### Brief
Here the job is to print all of the entries below verbatim and leave out any picture.

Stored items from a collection
>>>>>

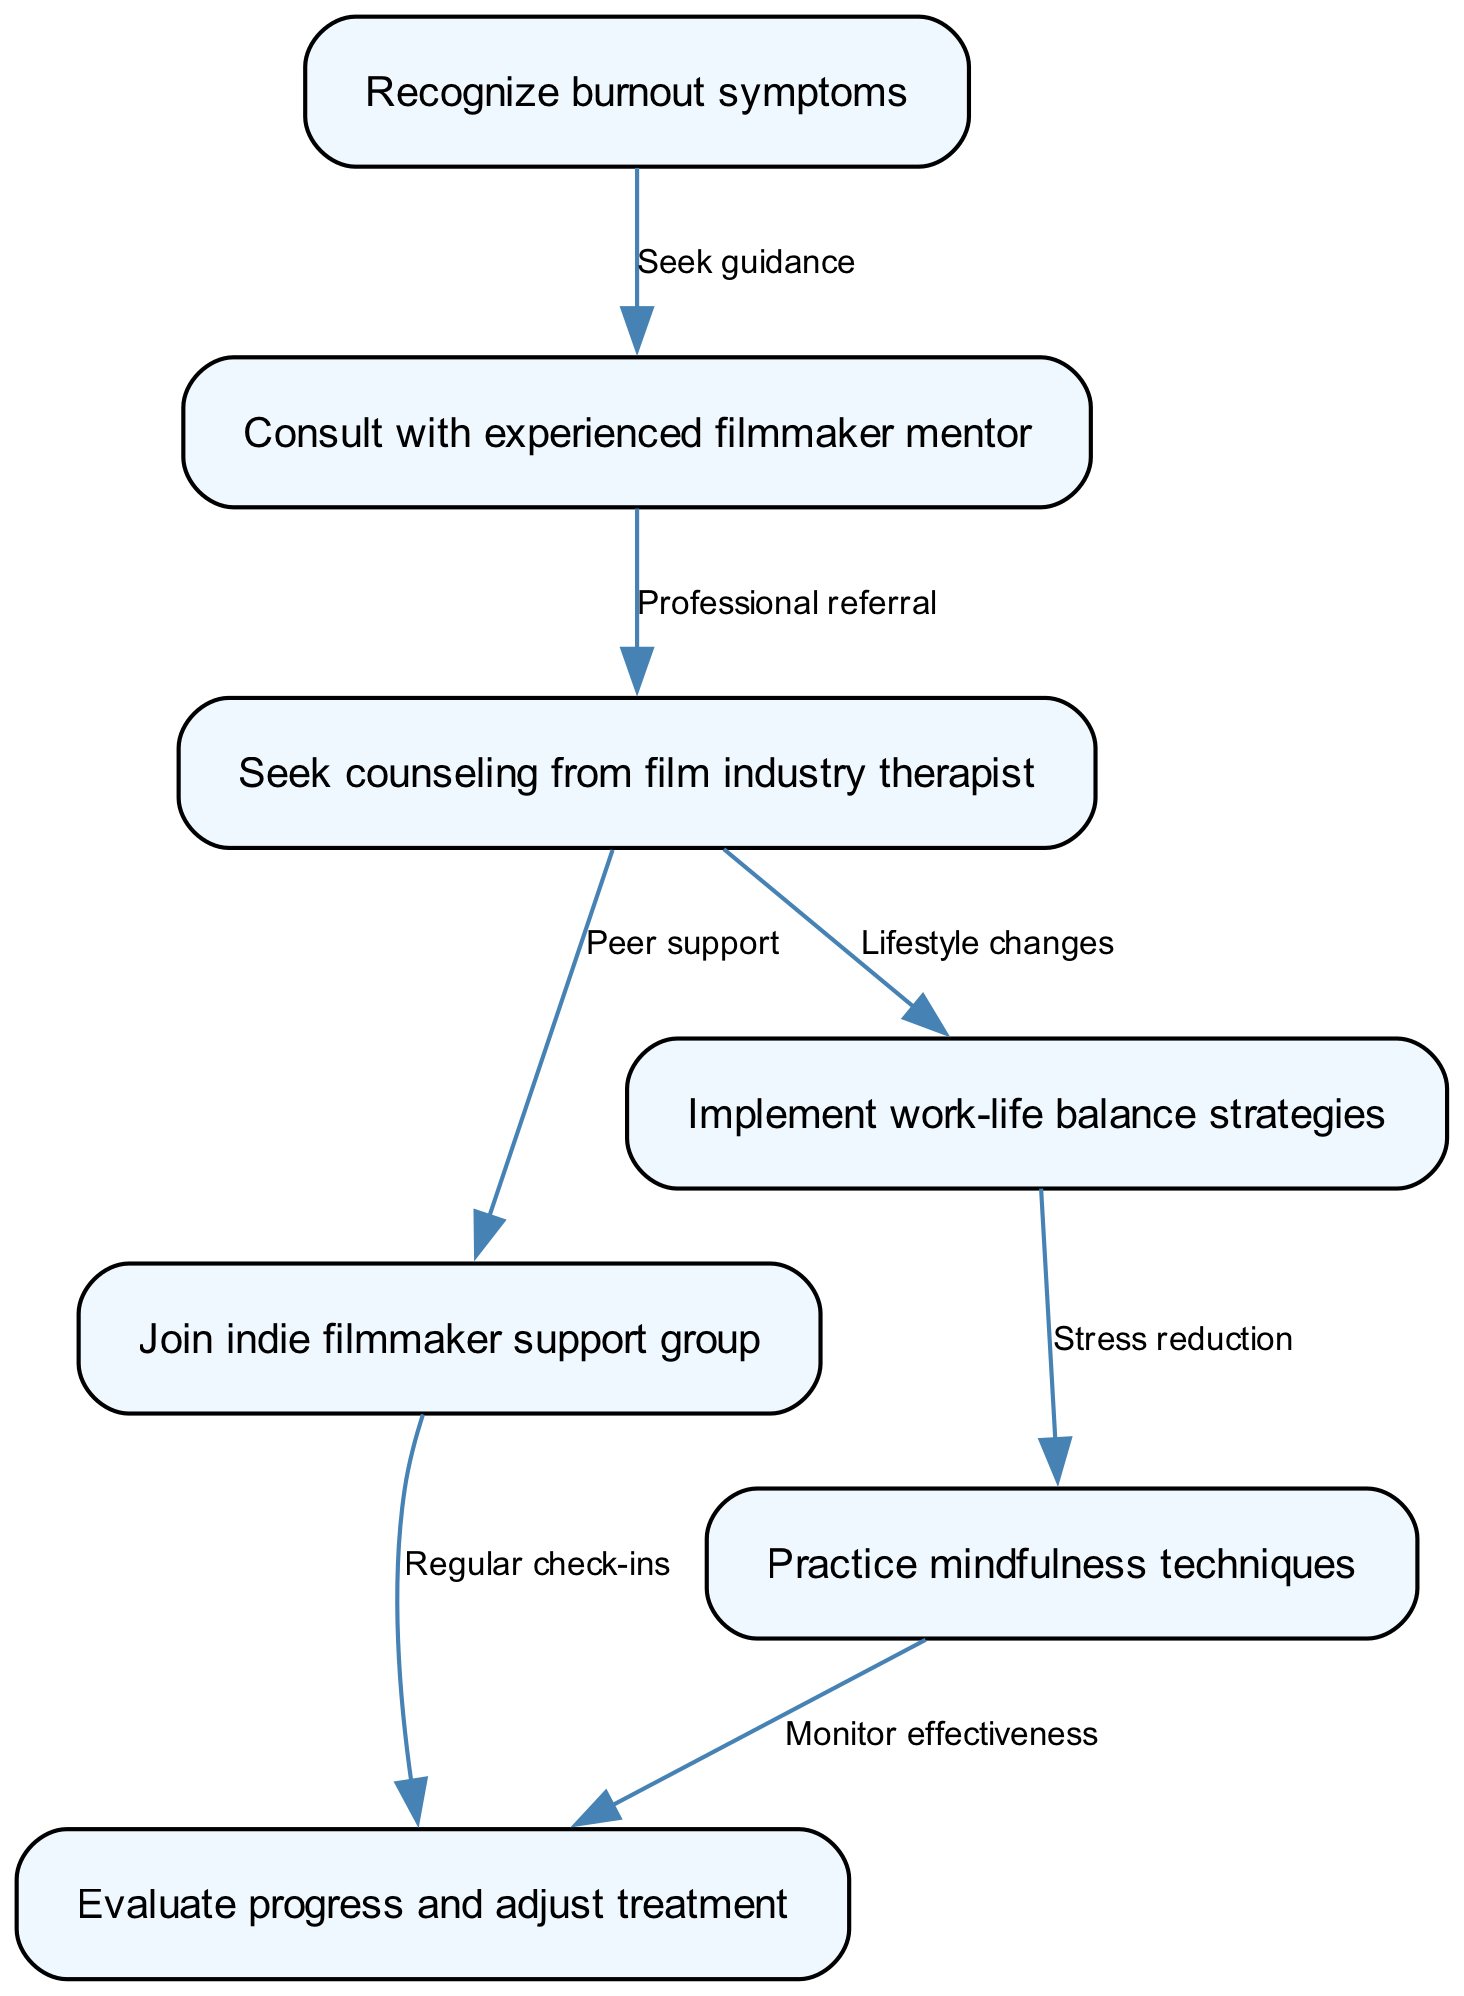What is the first step in the pathway? The first step shown in the diagram is "Recognize burnout symptoms," which is represented as the initial node in the clinical pathway.
Answer: Recognize burnout symptoms How many nodes are there in the diagram? By counting the nodes listed in the data, there are a total of 7 nodes represented in the diagram.
Answer: 7 What follows after consulting with an experienced filmmaker mentor? Following the "Consult with experienced filmmaker mentor" node, the next step is "Seek counseling from film industry therapist," which forms a direct connection.
Answer: Seek counseling from film industry therapist What is the connection between seeking counseling and joining a support group? The connection is that after seeking counseling from a film industry therapist, one should also "Join indie filmmaker support group," as indicated by the edge linking these two nodes.
Answer: Peer support How does stress reduction relate to work-life balance strategies? Stress reduction is part of implementing work-life balance strategies, as indicated by the edge labeled "Stress reduction," establishing a link between these two important strategies in the pathway.
Answer: Lifestyle changes What is evaluated after joining the indie filmmaker support group? After joining the indie filmmaker support group, the next step involves "Evaluate progress and adjust treatment," indicating an ongoing process of assessment and adjustment based on peer interactions.
Answer: Evaluate progress and adjust treatment Which node leads to regular check-ins? The node "Join indie filmmaker support group" leads to "Evaluate progress and adjust treatment," emphasized by a directed edge showing the connection for regular check-ins as part of the support and evaluation process.
Answer: Regular check-ins

<<<<<

### Exercise result
What is the first step in the pathway? The first step shown in the diagram is "Recognize burnout symptoms," which is represented as the initial node in the clinical pathway.
Answer: Recognize burnout symptoms How many nodes are there in the diagram? By counting the nodes listed in the data, there are a total of 7 nodes represented in the diagram.
Answer: 7 What follows after consulting with an experienced filmmaker mentor? Following the "Consult with experienced filmmaker mentor" node, the next step is "Seek counseling from film industry therapist," which forms a direct connection.
Answer: Seek counseling from film industry therapist What is the connection between seeking counseling and joining a support group? The connection is that after seeking counseling from a film industry therapist, one should also "Join indie filmmaker support group," as indicated by the edge linking these two nodes.
Answer: Peer support How does stress reduction relate to work-life balance strategies? Stress reduction is part of implementing work-life balance strategies, as indicated by the edge labeled "Stress reduction," establishing a link between these two important strategies in the pathway.
Answer: Lifestyle changes What is evaluated after joining the indie filmmaker support group? After joining the indie filmmaker support group, the next step involves "Evaluate progress and adjust treatment," indicating an ongoing process of assessment and adjustment based on peer interactions.
Answer: Evaluate progress and adjust treatment Which node leads to regular check-ins? The node "Join indie filmmaker support group" leads to "Evaluate progress and adjust treatment," emphasized by a directed edge showing the connection for regular check-ins as part of the support and evaluation process.
Answer: Regular check-ins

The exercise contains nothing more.